When you reach the line containing "25) person [1382,105,1402,160]" in the records below, start copying exactly, and stop once you have copied the line containing "30) person [414,152,444,251]".
--- DATA EXTRACT ---
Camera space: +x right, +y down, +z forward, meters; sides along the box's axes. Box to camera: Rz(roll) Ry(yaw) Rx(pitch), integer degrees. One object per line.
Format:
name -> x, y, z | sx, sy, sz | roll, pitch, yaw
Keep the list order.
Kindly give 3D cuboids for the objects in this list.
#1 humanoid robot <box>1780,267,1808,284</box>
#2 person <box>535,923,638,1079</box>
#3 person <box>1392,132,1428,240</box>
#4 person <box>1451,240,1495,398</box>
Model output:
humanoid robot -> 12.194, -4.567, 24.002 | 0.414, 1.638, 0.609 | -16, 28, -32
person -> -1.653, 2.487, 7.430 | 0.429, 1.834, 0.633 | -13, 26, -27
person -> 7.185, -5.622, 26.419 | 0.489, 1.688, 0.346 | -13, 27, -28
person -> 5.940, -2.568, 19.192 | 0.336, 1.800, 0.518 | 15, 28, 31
---
--- DATA EXTRACT ---
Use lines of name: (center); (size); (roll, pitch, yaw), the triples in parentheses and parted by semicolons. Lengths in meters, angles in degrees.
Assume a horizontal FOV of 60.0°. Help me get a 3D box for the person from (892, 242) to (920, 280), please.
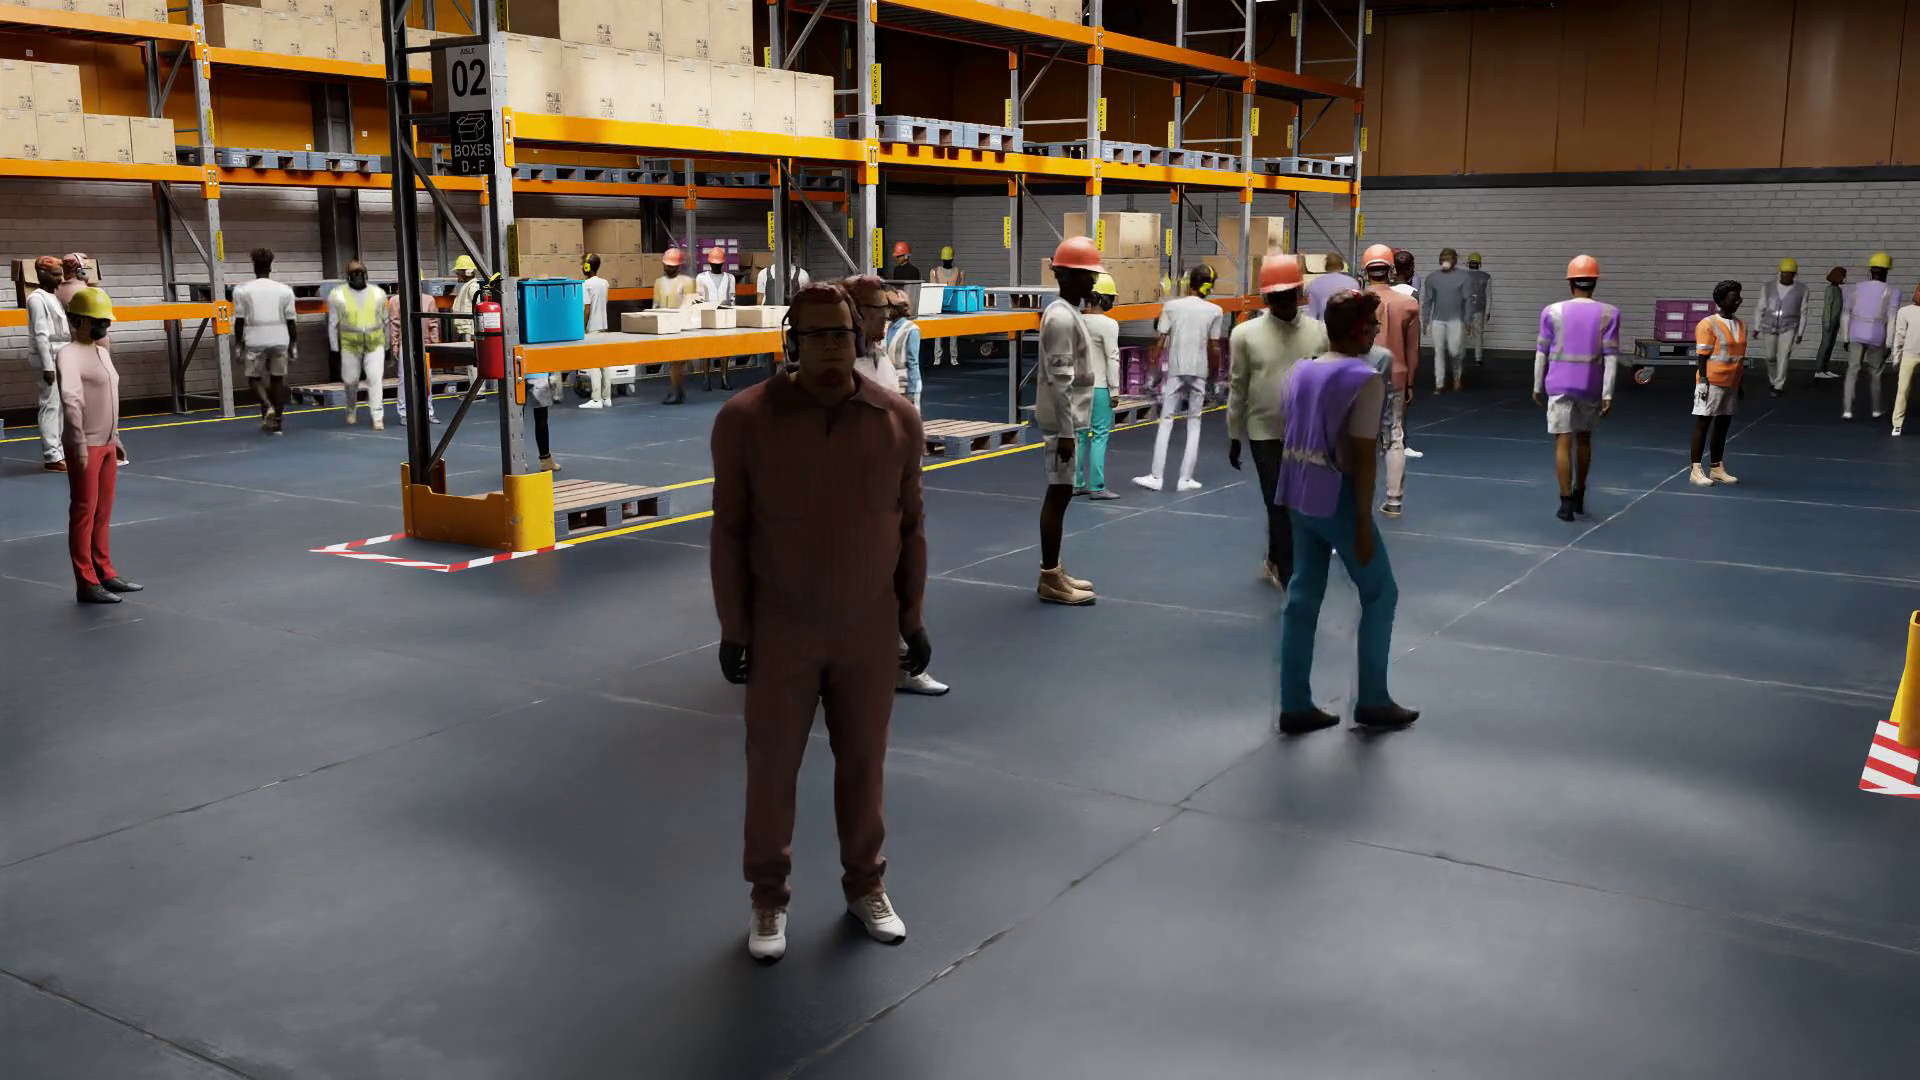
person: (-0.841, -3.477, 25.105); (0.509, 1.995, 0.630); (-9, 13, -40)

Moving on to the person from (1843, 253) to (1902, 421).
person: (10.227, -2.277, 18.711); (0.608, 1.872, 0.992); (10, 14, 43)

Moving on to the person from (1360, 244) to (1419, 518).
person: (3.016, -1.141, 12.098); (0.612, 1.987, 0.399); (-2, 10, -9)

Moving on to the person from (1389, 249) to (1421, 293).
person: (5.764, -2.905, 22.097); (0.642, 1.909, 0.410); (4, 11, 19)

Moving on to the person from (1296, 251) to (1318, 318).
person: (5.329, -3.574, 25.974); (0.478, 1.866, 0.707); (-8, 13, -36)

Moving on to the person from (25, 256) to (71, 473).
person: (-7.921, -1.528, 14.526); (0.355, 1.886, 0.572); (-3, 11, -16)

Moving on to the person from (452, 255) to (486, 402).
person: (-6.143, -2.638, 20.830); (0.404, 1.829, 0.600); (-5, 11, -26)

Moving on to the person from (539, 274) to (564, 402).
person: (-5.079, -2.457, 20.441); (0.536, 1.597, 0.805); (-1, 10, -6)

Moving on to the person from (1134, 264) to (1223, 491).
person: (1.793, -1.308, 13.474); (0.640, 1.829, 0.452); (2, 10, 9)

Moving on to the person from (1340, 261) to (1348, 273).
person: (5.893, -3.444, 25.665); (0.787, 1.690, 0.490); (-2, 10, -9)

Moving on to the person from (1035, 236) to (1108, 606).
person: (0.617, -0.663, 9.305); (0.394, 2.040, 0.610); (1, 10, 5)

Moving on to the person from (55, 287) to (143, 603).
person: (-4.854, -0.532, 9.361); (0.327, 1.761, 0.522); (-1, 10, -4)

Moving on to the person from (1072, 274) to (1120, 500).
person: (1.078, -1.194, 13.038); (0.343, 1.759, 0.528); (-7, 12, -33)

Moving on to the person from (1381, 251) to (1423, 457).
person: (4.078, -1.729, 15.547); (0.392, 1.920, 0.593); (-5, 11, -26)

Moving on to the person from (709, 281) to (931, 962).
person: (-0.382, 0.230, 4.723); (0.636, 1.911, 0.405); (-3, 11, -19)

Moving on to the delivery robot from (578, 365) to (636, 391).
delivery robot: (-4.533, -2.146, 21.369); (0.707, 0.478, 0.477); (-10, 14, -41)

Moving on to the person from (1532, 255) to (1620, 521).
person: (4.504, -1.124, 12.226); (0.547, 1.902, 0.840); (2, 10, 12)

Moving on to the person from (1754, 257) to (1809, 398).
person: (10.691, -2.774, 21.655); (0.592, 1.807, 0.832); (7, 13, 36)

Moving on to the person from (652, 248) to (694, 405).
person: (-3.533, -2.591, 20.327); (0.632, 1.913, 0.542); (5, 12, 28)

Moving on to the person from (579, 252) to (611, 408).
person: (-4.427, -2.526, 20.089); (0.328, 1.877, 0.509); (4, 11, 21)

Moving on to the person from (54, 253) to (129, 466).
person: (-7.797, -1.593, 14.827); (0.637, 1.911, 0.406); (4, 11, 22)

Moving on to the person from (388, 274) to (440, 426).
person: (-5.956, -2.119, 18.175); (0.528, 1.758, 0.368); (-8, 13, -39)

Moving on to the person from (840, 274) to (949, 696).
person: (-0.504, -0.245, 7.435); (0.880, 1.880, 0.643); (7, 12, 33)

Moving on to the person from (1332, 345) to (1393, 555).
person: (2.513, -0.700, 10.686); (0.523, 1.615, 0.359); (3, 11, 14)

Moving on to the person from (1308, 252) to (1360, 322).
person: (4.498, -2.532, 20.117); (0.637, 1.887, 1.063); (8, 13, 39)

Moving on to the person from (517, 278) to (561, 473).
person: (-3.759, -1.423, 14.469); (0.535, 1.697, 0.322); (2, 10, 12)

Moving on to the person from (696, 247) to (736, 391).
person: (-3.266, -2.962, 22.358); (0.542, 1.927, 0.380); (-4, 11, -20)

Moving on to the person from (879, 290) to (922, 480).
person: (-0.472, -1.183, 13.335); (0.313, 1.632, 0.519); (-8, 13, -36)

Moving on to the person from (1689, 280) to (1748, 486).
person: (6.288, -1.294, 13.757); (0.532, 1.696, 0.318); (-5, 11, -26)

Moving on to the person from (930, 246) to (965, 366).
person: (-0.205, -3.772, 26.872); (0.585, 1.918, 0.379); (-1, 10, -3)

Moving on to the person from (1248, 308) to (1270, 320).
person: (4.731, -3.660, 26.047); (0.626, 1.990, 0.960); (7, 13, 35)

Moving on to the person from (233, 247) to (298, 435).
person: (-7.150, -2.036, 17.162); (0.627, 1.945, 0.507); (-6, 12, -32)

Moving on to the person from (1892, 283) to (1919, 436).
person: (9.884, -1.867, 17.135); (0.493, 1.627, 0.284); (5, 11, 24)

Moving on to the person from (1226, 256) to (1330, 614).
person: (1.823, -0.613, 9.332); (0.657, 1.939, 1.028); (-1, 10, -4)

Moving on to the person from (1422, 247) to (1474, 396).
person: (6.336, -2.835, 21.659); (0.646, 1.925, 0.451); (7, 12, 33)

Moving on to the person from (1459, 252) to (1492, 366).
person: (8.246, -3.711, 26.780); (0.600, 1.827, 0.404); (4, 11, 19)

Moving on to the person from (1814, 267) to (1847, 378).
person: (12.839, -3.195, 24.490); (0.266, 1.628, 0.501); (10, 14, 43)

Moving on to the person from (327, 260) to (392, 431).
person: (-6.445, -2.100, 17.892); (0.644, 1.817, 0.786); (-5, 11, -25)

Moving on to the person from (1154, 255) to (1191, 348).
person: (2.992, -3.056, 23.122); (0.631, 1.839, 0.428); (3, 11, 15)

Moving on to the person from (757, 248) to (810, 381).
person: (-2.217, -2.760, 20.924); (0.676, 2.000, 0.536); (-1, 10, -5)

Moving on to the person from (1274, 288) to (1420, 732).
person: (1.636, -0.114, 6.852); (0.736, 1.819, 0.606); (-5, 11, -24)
---
--- DATA EXTRACT ---
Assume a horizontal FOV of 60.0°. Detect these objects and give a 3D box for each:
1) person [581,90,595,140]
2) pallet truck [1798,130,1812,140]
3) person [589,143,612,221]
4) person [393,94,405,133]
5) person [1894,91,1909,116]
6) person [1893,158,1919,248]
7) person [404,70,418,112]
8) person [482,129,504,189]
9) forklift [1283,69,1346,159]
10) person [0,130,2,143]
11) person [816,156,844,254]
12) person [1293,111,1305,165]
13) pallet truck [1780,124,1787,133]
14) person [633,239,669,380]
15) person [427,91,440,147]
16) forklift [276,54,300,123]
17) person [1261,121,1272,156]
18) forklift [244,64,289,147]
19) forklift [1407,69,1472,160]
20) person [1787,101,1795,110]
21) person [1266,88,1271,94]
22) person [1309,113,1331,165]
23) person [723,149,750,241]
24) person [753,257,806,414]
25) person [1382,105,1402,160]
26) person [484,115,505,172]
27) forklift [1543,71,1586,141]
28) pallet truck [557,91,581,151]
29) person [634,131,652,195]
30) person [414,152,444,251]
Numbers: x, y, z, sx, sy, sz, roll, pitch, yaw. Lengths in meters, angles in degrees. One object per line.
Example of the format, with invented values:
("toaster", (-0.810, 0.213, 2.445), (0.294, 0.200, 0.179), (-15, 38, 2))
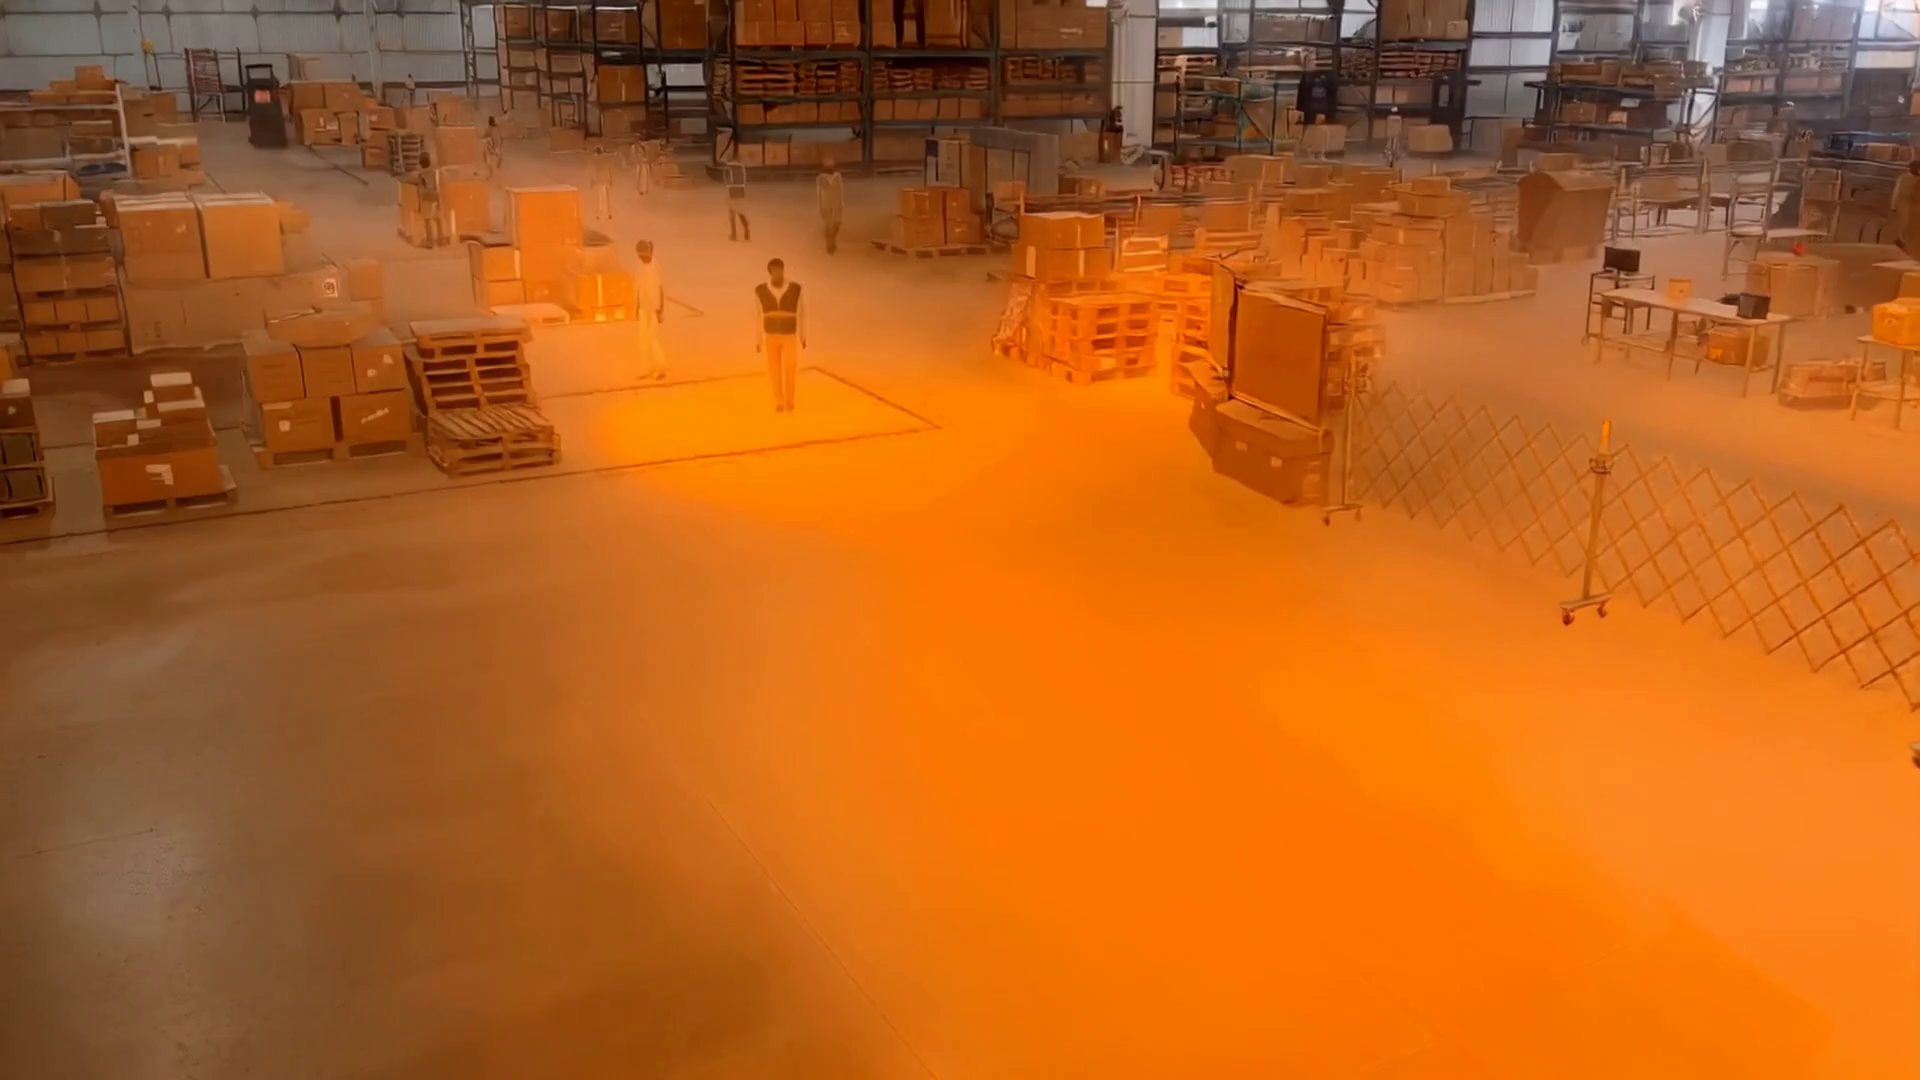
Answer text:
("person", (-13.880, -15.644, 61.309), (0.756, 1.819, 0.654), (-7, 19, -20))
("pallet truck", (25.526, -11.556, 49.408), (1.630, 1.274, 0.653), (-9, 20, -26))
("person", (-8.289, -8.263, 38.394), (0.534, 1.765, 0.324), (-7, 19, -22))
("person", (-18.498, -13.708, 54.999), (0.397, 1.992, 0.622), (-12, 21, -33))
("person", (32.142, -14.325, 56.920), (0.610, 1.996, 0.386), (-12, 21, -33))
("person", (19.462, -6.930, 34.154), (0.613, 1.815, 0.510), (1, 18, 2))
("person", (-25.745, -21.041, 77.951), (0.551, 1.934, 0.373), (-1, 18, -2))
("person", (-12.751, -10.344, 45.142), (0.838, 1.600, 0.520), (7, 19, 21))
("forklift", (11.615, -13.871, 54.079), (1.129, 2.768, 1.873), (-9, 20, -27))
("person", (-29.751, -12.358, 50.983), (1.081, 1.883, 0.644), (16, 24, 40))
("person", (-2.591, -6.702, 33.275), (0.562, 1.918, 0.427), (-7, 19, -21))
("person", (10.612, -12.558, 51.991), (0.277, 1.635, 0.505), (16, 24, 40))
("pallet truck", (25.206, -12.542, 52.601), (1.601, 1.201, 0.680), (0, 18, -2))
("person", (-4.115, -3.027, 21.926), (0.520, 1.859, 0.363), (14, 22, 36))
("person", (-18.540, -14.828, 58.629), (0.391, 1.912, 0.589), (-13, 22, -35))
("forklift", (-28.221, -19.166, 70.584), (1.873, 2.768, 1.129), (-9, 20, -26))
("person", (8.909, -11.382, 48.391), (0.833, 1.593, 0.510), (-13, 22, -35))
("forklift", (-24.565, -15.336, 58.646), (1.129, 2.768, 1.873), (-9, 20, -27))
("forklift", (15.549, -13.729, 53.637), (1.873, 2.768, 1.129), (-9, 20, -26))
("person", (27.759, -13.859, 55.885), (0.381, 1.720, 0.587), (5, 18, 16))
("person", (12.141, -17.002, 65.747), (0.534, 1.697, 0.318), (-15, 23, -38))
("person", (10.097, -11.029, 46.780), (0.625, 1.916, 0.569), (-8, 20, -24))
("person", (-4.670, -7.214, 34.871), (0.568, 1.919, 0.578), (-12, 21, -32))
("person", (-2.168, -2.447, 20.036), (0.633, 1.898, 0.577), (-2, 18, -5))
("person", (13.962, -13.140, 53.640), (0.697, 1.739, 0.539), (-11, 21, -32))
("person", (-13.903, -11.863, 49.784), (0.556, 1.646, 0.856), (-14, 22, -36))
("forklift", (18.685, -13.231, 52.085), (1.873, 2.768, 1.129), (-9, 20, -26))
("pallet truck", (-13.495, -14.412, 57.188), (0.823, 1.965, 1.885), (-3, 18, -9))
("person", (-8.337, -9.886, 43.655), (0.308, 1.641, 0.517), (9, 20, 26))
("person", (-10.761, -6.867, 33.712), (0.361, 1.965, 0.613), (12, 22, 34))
---
ANSWER BOX
25) person [1382,105,1402,160]
26) person [484,115,505,172]
27) forklift [1543,71,1586,141]
28) pallet truck [557,91,581,151]
29) person [634,131,652,195]
30) person [414,152,444,251]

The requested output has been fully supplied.